The fields and field names are taken directly from the documents, and the authoritative source for the fields and the meaning of the fields remains the original document, and the originating station.

Derived fields

id: The primary key throughout the database is the id field, which is taken from the station call sign and a numeric id embedded in the FCC RSS feeds. It uniquely identifies every document in the database and exists in all of the main tables: polfile, invoice, contract and orders.

advertiser and product: The advertiser and product fields are used by the stations to identify the entity (campaign or political group) for which the ad was taken out. These fields may have a strict delineation at some stations, but they are generally used interchangeably. Note: In the orders table, the field names follow the printed forms and product is called "product_desc."

advertiser_address_name: The entity named in the "Advertiser Address" (or "Agency Name" in orders) is almost invariably not the campaign or political group. It is generally a media company acting on behalf of the group. The advertiser_address_name is the company name taken from the address and cleaned and standardized.

Other fields

demographic: The demographic targeted by the ad. Annotation differs slightly among stations, but the format is "Adults," "Women," or "Men" (alternately "RA"/"RW"/"RM") with an age range, or "Households"/"RHH."

special_handling: Special instructions for the transaction: "Cash in Advance," "Do Not Mail" etc.

"contract_from"/contract_to: Dates range when the contract is in force. flight_from/flight_to: Date range when the ads are scheduled to air.

Miscellaneous identifiers: There are a number of identifiers such as idb_no, order_no, deal_no, revision, among others that may be used to check one form against another, or find forms that were never uploaded to the FCC.

stations table: The stations table contains a list of all stations with the state in which they are registered.

The full list of fields including billing_cycle, billing_calendar, pages can be found in the schema.

License

The license is an unrestricted creative commons public domain license (CC0 1.0).

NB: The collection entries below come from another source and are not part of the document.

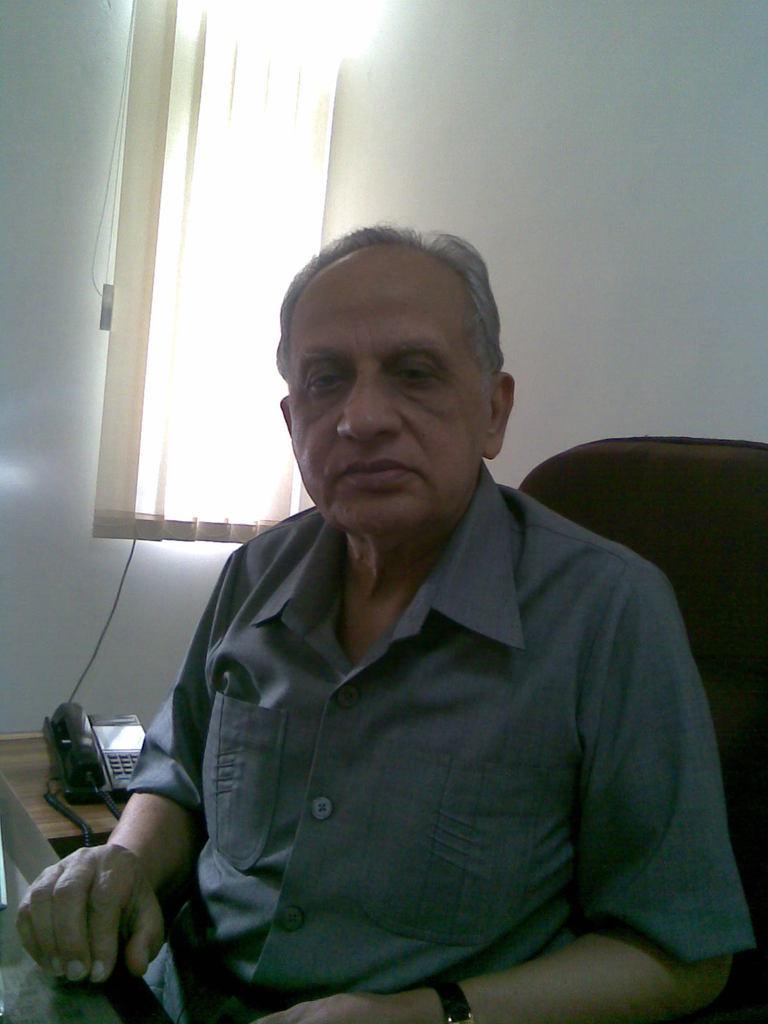What is the person in the image doing? The person is sitting on a chair in the image. What can be seen in the background of the image? There is a wall with a curtain in the background of the image. What furniture is present in the image? There is a table in the image. What object is on the table? There is a phone on the table. What type of guitar is the judge playing in the image? There is no guitar or judge present in the image; it only features a person sitting on a chair, a table, a phone, and a wall with a curtain in the background. 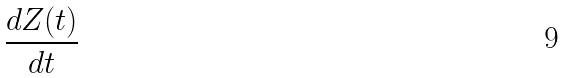<formula> <loc_0><loc_0><loc_500><loc_500>\frac { d Z ( t ) } { d t }</formula> 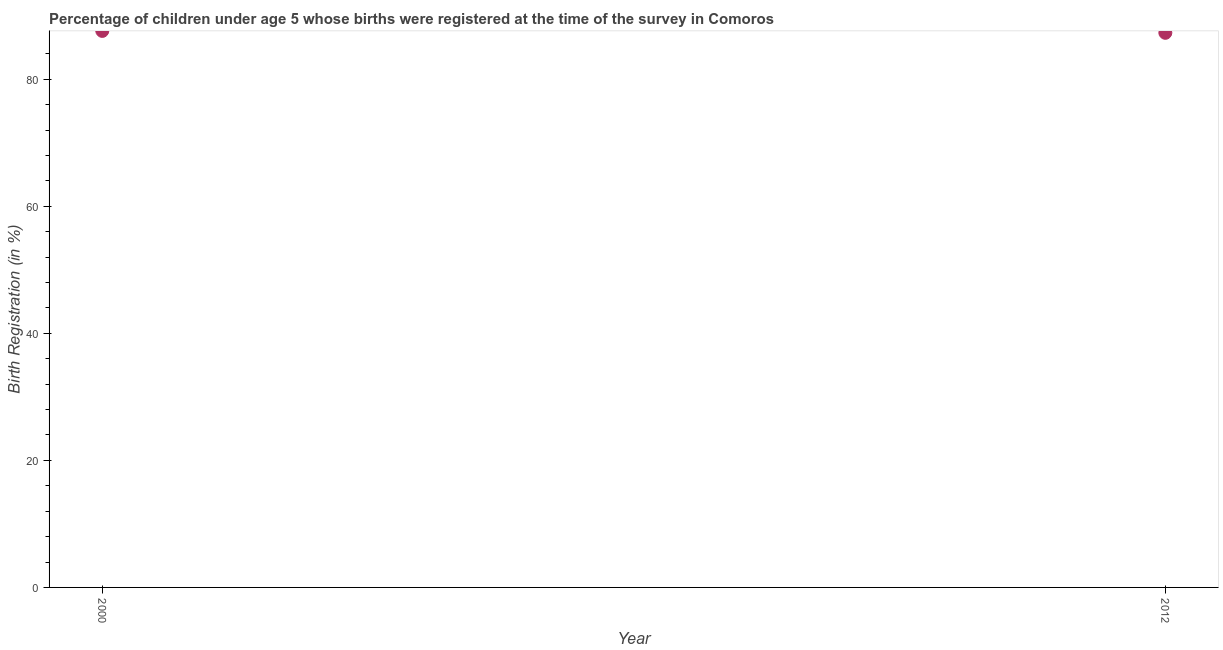What is the birth registration in 2012?
Offer a very short reply. 87.3. Across all years, what is the maximum birth registration?
Your answer should be very brief. 87.6. Across all years, what is the minimum birth registration?
Provide a short and direct response. 87.3. What is the sum of the birth registration?
Your answer should be compact. 174.9. What is the difference between the birth registration in 2000 and 2012?
Offer a terse response. 0.3. What is the average birth registration per year?
Make the answer very short. 87.45. What is the median birth registration?
Offer a very short reply. 87.45. In how many years, is the birth registration greater than 52 %?
Your response must be concise. 2. Do a majority of the years between 2012 and 2000 (inclusive) have birth registration greater than 64 %?
Give a very brief answer. No. What is the ratio of the birth registration in 2000 to that in 2012?
Your response must be concise. 1. Does the birth registration monotonically increase over the years?
Give a very brief answer. No. Does the graph contain grids?
Offer a terse response. No. What is the title of the graph?
Your answer should be very brief. Percentage of children under age 5 whose births were registered at the time of the survey in Comoros. What is the label or title of the Y-axis?
Make the answer very short. Birth Registration (in %). What is the Birth Registration (in %) in 2000?
Ensure brevity in your answer.  87.6. What is the Birth Registration (in %) in 2012?
Your answer should be compact. 87.3. What is the difference between the Birth Registration (in %) in 2000 and 2012?
Provide a short and direct response. 0.3.

The data may be used for any purpose without restriction, however, please cite Alex Byrnes and, if possible, link to the data in your work.

Code

The code used for this project is available in a separate repository.

Bug Reports

Please fill out a bug report or feature request for any errors or suggestions you have. If you do any work that can be integrated back into the archive, either code or translation tables, it would be greatly appreciated.

Thanks

Thank you to the makers of great software. PostgreSQL, Python, Linux, Tesseract, OpenRefine, and many others, and to the people hard at work in transparency and open data.